Check that Fedora Copr Backups are OK

This document explains how Fedora Copr backups are performed, so we can periodically verify that everything is in place and functioning properly. For disaster recovery, refer to Recovery from backups.

Copr Backend

The backend storage uses a complex RAID setup to provide redundancy directly on the server (in EC2). Backups are then synchronized periodically to the storinator01 host as incremental backups via rsnapshot. To verify backend backups, you should:

  1. Confirm the timestamp of the most recent backup start.

  2. Choose a random build that completed just before that time.

  3. Verify that this build was successfully backed up to storinator01.

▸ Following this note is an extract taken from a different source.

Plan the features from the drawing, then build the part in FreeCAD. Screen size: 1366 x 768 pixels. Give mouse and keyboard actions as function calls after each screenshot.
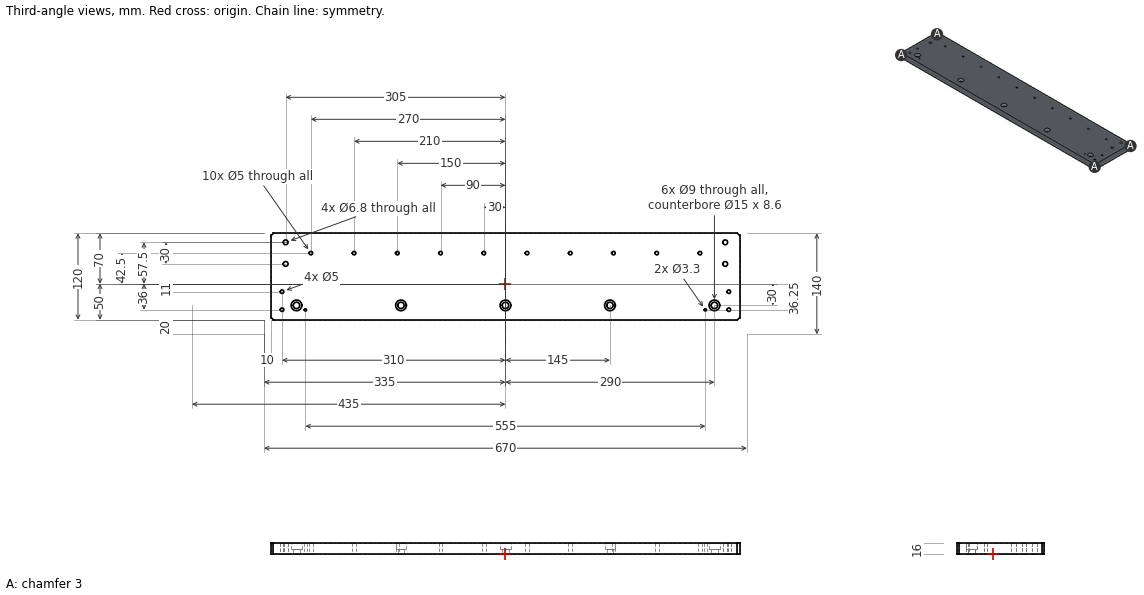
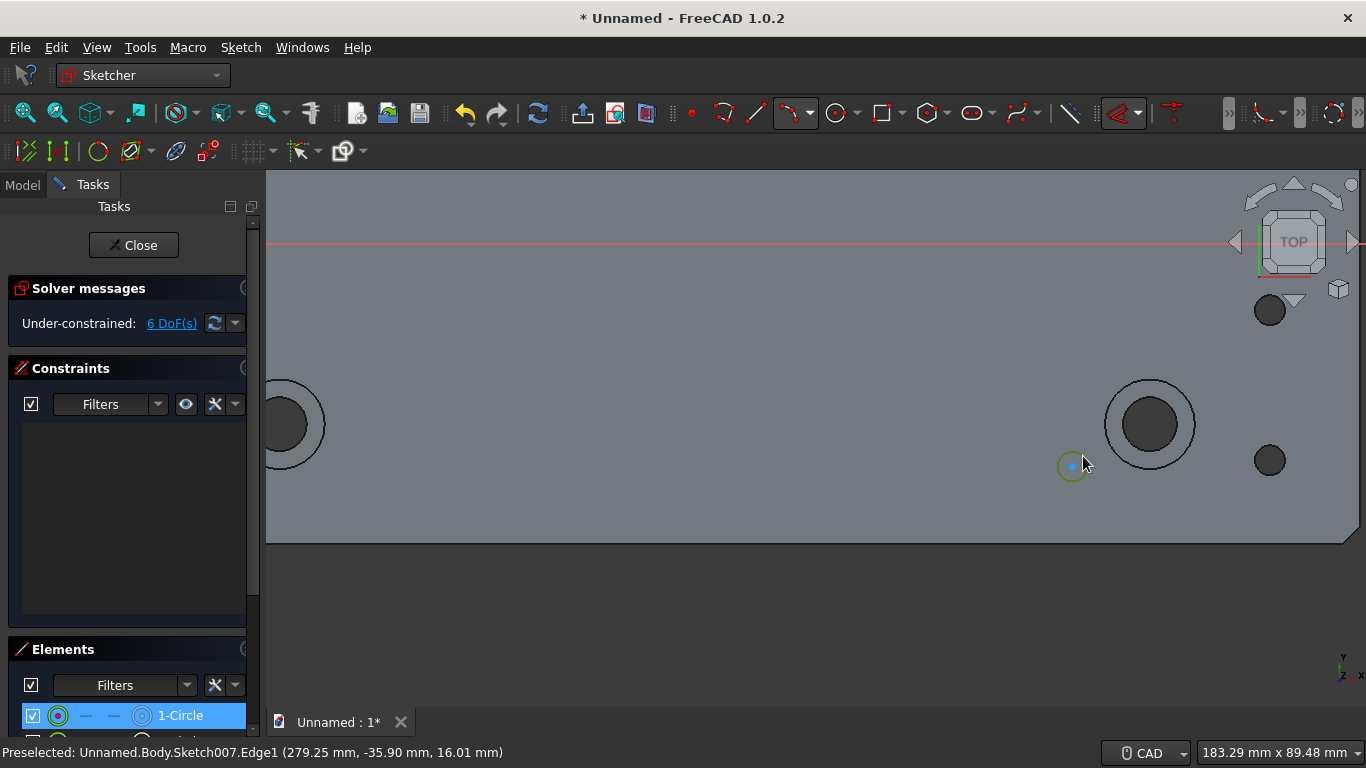
scroll(1086, 459, down, 8)

Here comes more detailed guide:

  1. SSH into the copr-be machine and review the /var/log/cron file. You may want to check the crontab -l output first to confirm the backup schedule (typically Fridays though) and open an older compressed Cron log file:

    $ xz -d < /var/log/cron-20241101.xz | grep '(copr) CMD'
    ...
    Nov  1 03:00:02 copr-be CROND[3482216]: (copr) CMD (ionice --class=idle /usr/local/bin/rsnapshot_copr_backend >/dev/null)
    ...
    

    The last backup started on November 1, 3:00 AM.

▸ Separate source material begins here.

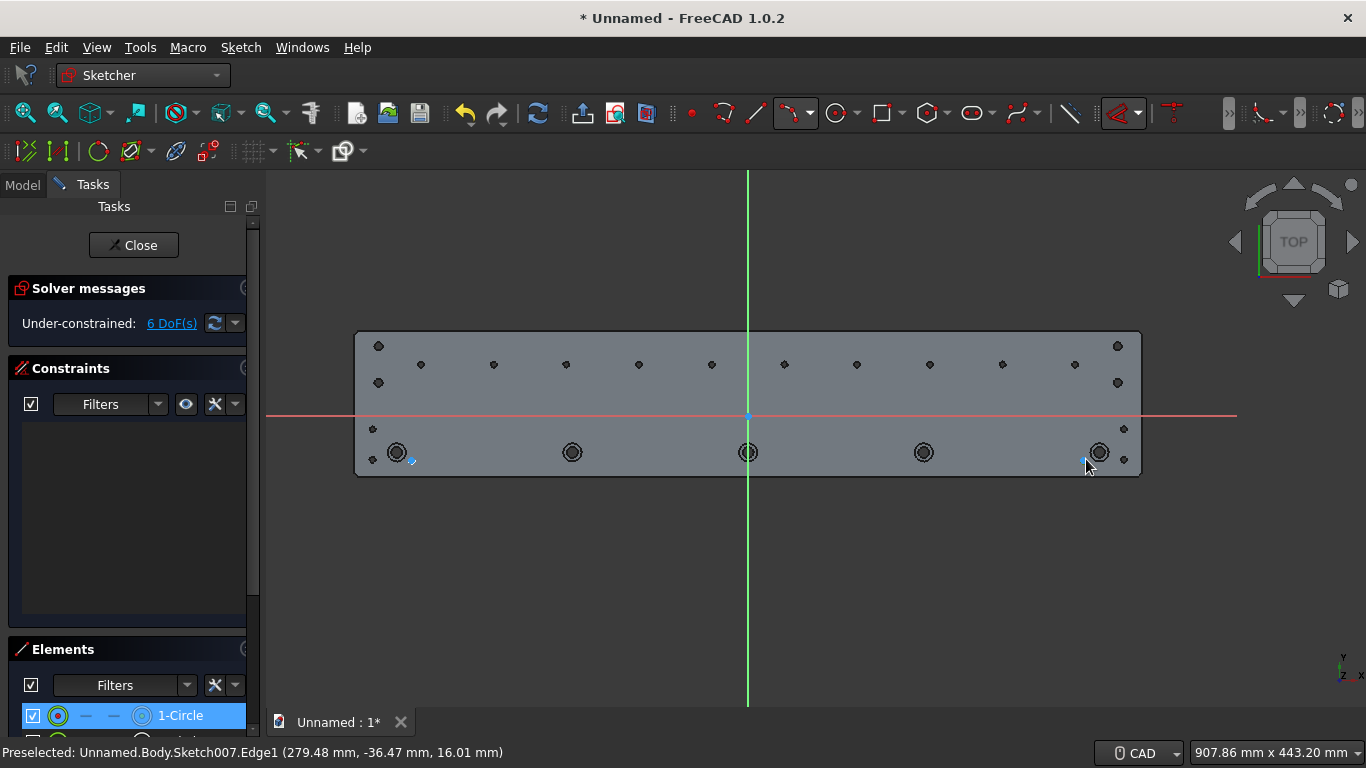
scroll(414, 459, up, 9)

    The backup process typically takes several days. If there’s no corresponding CMDEND entry in the cron logs, it indicates that the backup is still in progress, and the build ID we’re trying to verify as backed up may not yet be included. Wait for it to complete. Or check the previous backup increment instead (that means poke at /var/log/cron-20241025.xz).

  2. Find an appropriate build ID that finished “just before” that time above. For instance in the @copr/copr-pull-requests or @copr/copr-dev projects. Good candidate is 8185411.

  3. SSH into the storinator01 box and locate the latest incremental backup (note that the sub-projects matter, copr-pull-requests:pr:3473 in our case):

    $ find /srv/nfs/copr-be/copr-be-copr-user/backup/.sync/var/lib/copr/public_html/results/@copr/copr-pull-requests:pr:3473 | grep 8185411 | grep rpm$
    /srv/nfs/copr-be/copr-be-copr-user/backup/.sync/var/lib/copr/public_html/results/@copr/copr-pull-requests:pr:3473/epel-8-x86_64/08185411-copr-rpmbuild/copr-builder-1.1-1.git.3.8adcc0d.el8.x86_64.rpm
    /srv/nfs/copr-be/copr-be-copr-user/backup/.sync/var/lib/copr/public_html/results/@copr/copr-pull-requests:pr:3473/epel-8-x86_64/08185411-copr-rpmbuild/copr-rpmbuild-1.1-1.git.3.8adcc0d.el8.src.rpm
    /srv/nfs/copr-be/copr-be-copr-user/backup/.sync/var/lib/copr/public_html/results/@copr/copr-pull-requests:pr:3473/epel-8-x86_64/08185411-copr-rpmbuild/copr-rpmbuild-1.1-1.git.3.8adcc0d.el8.x86_64.rpm
    /srv/nfs/copr-be/copr-be-copr-user/backup/.sync/var/lib/copr/public_html/results/@copr/copr-pull-requests:pr:3473/epel-9-x86_64/08185411-copr-rpmbuild/copr-builder-1.1-1.git.3.8adcc0d.el9.x86_64.rpm
    ...
    

This confirms the backups are working correctly. While you’re on storinator, ensure there is adequate free space on the filesystem by running df -h /srv/nfs/copr-be.

Copr Frontend

For Frontend, we backup the PostgreSQL database (hourly). Check /etc/cron.d/cron-backup-database-coprdb cron config, and the corresponding /backups directory. That one should have the current timestamp, like:

[root@copr-fe ~][PROD]# ls -alh /backups/
total 662M
drwxr-xr-x. 1 postgres root       50 Nov  5 01:21 .
dr-xr-xr-x. 1 root     root      160 Nov 28  2023 ..
-rw-r--r--. 1 postgres postgres 662M Nov  5 01:21 coprdb-2024-11-05.dump.xz

If we provide such an updated tarball, rdiff-backup periodically comes and pulls the backups “out”; as long as the box is in an appropriate Ansible group and we configure the backup dir.

For Frontend data volume, we also do automatic volume snapshots (see Copr Keygen info below for more info).

Copr Keygen

We don’t do filesystem backups (rsync) there. The important data —keypairs— are stored on a separate volume /var/lib/copr-keygen, and periodically snapshotted in EC2. Check for the volume.

We do snapshots to Ohio, us-east-2! Volume snapshots may be filtered with tag FedoraGroup=copr.

Copr DistGit

Due to Copr’s design (see architecture), Copr DistGit data is extensive, measuring in terabytes, yet it’s not critical enough to require formal backups. We anyway at least do periodic snapshots like with Copr Keygen above. In the event of a complete failure, we would restore from there — or simply initialize a new, empty volume.